RD Justin Holl, $2 million AAV, signed through 2023. At 6’4″ and 205 lbs. Holl is what you’d expect from a second pairing defenseman. He plays a stay-at-home style, adding a healthy dose of hits and blocked shots to his dozen or so points in a given year. He is also a PK workhorse, logging the most minutes on the Leafs’ penalty kill, and ranking in the top 20 in the league for total PK minutes this season. In 119 NHL games he has logged 6 goals, 29 assists, and a combined plus-20. For a top-4 defenseman with these additional benefits, $2 million for another 2 years is a very attractive price, especially in the flat-cap era.
LD Travis Dermott, $874,000 AAV, RFA. Drafted by the Leafs in the 2nd round, Dermott is a stay-at-home defenseman who puts up about a dozen assists and a handful of goals in a normal season while maintaining solid plus-minus numbers. He has average size and speed, sees the ice well, and otherwise is unremarkable. He’s never going to be an impact player, but he does his job reliably every night. Dermott plays alongside Bogosian on the bottom pairing, and would be a budget-friendly fit in that same role with the Kraken.
If Ron Francis wants a forward, at this point he’s going to have to look pretty far down the depth chart to find anybody interesting — and I use the term “interesting” very loosely.
LW Nic Petan, $775,000 AAV, RFA. The 5’9″ Petan came screaming out of his years with the WHL’s Portland Winterhawks boasting all the promise of a future impact player. 252 games, 358 points (!!!), and a plus-164 over four years. Then came the realities of playing against guys with 6 inches and 25 lbs. on him, and all of a sudden his future wasn’t so bright. He can deliver at the AHL level, with two point-per-game seasons under his belt, but he hasn’t been able to reach even a quarter of that pace in the NHL.
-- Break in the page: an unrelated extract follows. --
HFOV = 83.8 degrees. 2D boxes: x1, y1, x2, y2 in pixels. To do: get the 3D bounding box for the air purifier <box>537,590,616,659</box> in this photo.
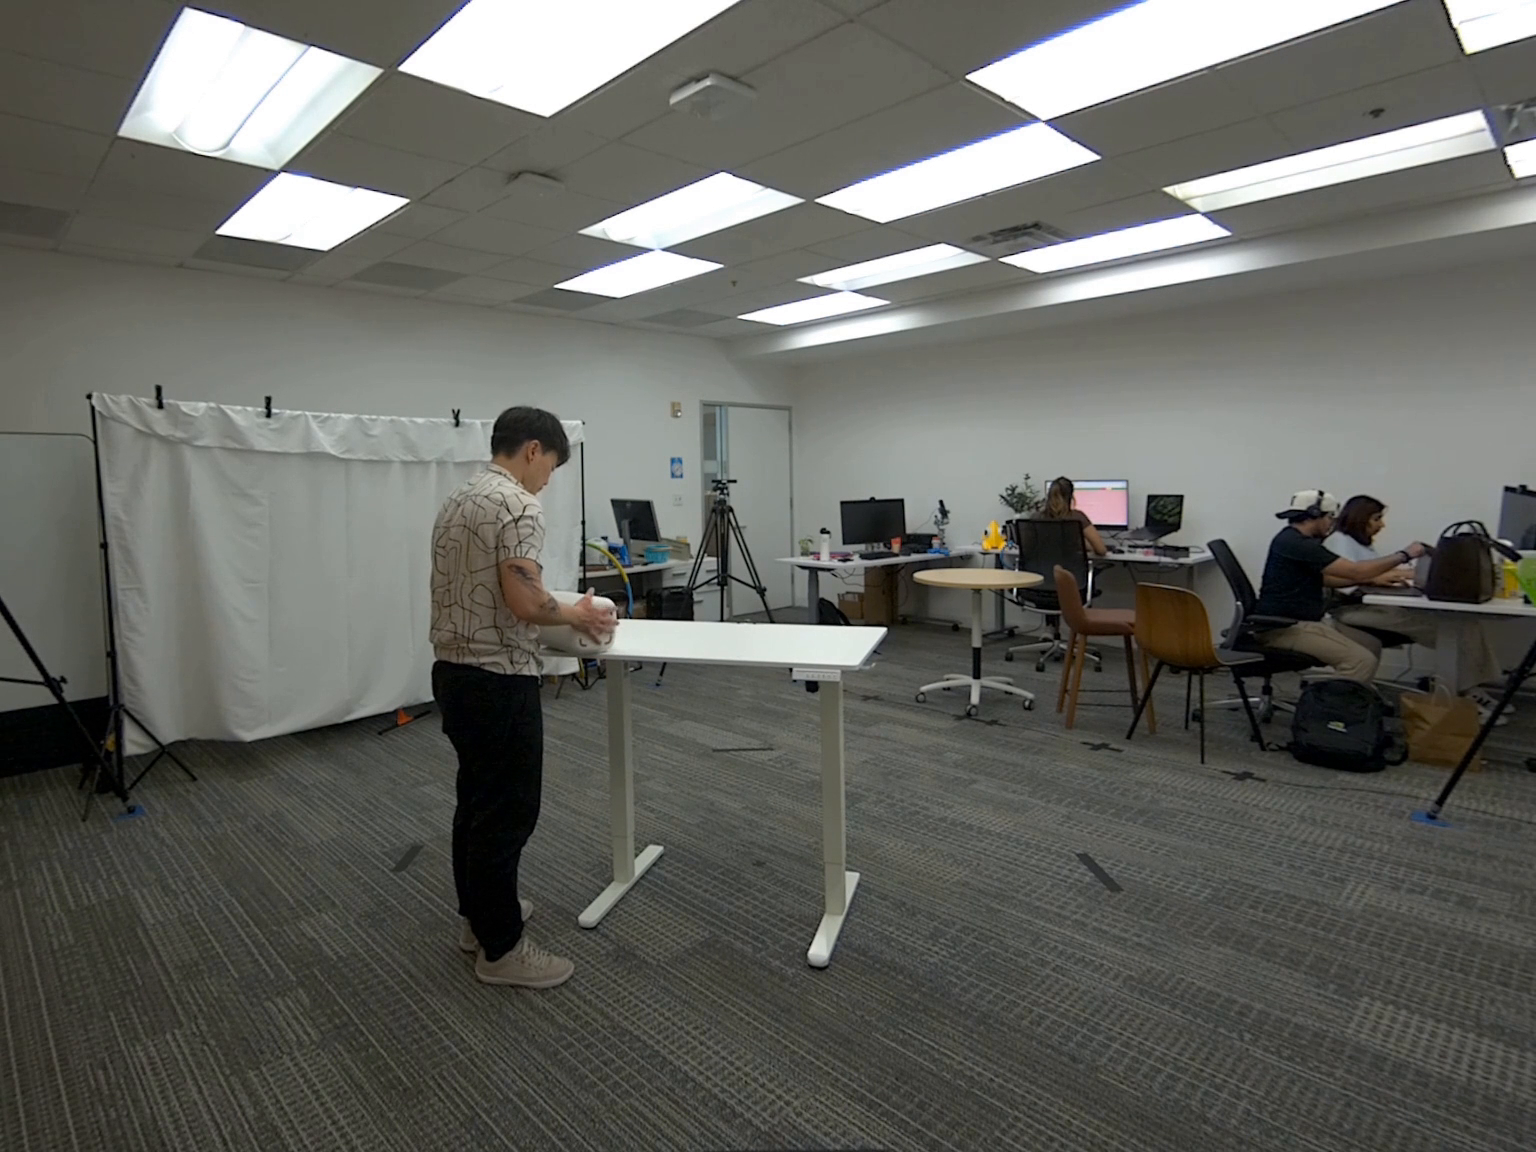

C Adam Brooks, $750,000 AAV, signed through 2022. Pretty much the same story as Petan, except Brooks is a center and stands 5’10”.
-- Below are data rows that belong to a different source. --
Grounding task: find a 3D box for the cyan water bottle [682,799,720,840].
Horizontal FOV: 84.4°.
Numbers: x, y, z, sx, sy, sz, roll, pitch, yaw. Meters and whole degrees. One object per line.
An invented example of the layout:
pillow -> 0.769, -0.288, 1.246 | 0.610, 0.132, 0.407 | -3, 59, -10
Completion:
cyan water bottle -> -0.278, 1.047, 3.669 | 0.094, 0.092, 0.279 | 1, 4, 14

C Denis Malgin, $700,000 AAV, RFA. Malgin is yet another diminutive forward in the Leafs’ organ-eye-zation, though he is currently on loan to Lausanne HC back in his native Switzerland. He had attempted to make a go of things with the Florida Panthers and then the Leafs, with limited point production and disappointing plus-minus numbers. If the Leafs have anything to say about it, I would suspect the return to Switzerland will be permanent.
That is, very literally, it. Don’t say I didn’t warn you.
Fighting The Inevitable
It’s apparent from the laser-precise management of the Leafs’ roster that Kyle Dubas has done his homework. He understood he was going to lose a player, and he massaged the roster in such a way as to make sure that the only options the Kraken had were ones of his choosing. Hats off to the man, he has done that masterfully. Additionally, crafting the roster situation so expertly means that there is essentially zero possibility of a deal with Toronto to secure a more viable player — especially with the price having been set so high by Ron Francis in trade discussions with the league’s general managers.
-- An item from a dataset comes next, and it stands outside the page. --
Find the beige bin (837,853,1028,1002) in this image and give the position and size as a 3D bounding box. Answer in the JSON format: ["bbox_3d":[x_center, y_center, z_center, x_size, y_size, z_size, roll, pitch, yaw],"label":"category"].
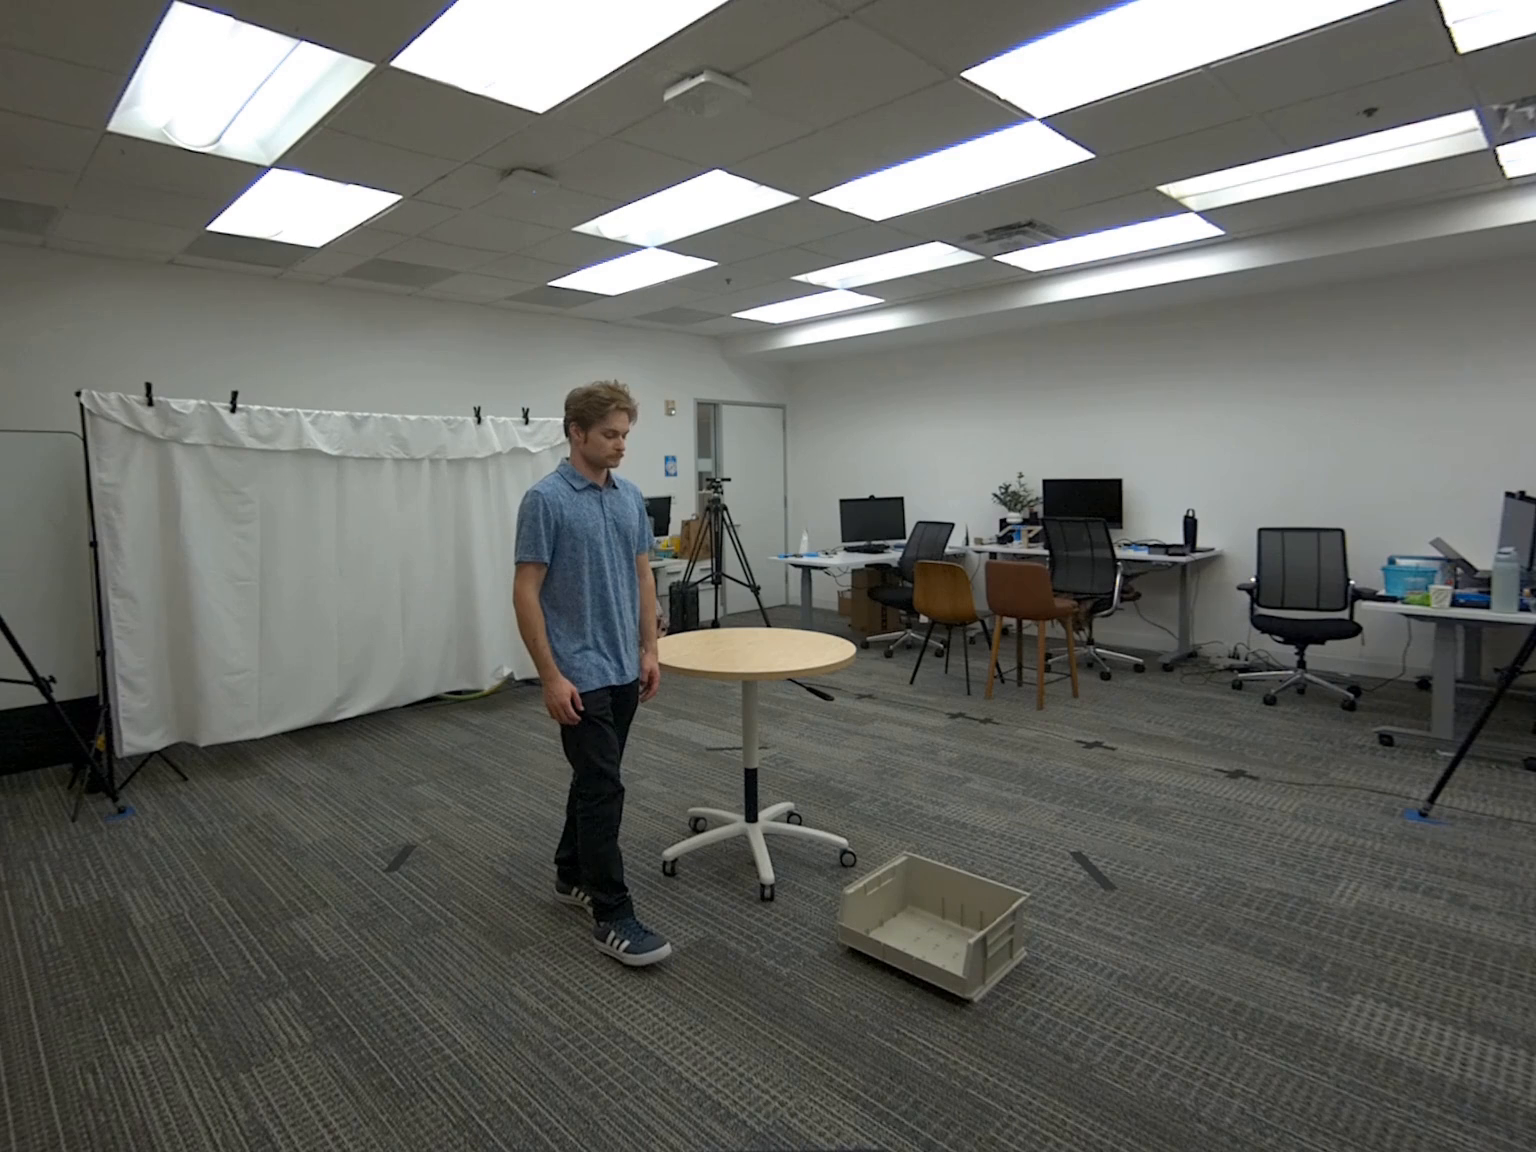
[{"bbox_3d":[0.485,1.015,2.491,0.435,0.188,0.367,3,7,42],"label":"beige bin"}]

When the rubber hits the road, there is little sense in fighting the inevitable; the Kraken will make their selection from the offerings Toronto has available and move on to other matters. If Seattle is looking to keep the budget low, then Dermott is their man. But if they want the best player available, then Justin Holl will be in a Kraken jersey come October. Seattle will get a lot worse for a lot more money from several other teams in the league.
Both Dermott and Holl should be in the lineup when the Leafs take on the Montreal Canadiens tonight. Game time is 4:30pm Pacific, Wednesday, April 7th on NBCSN.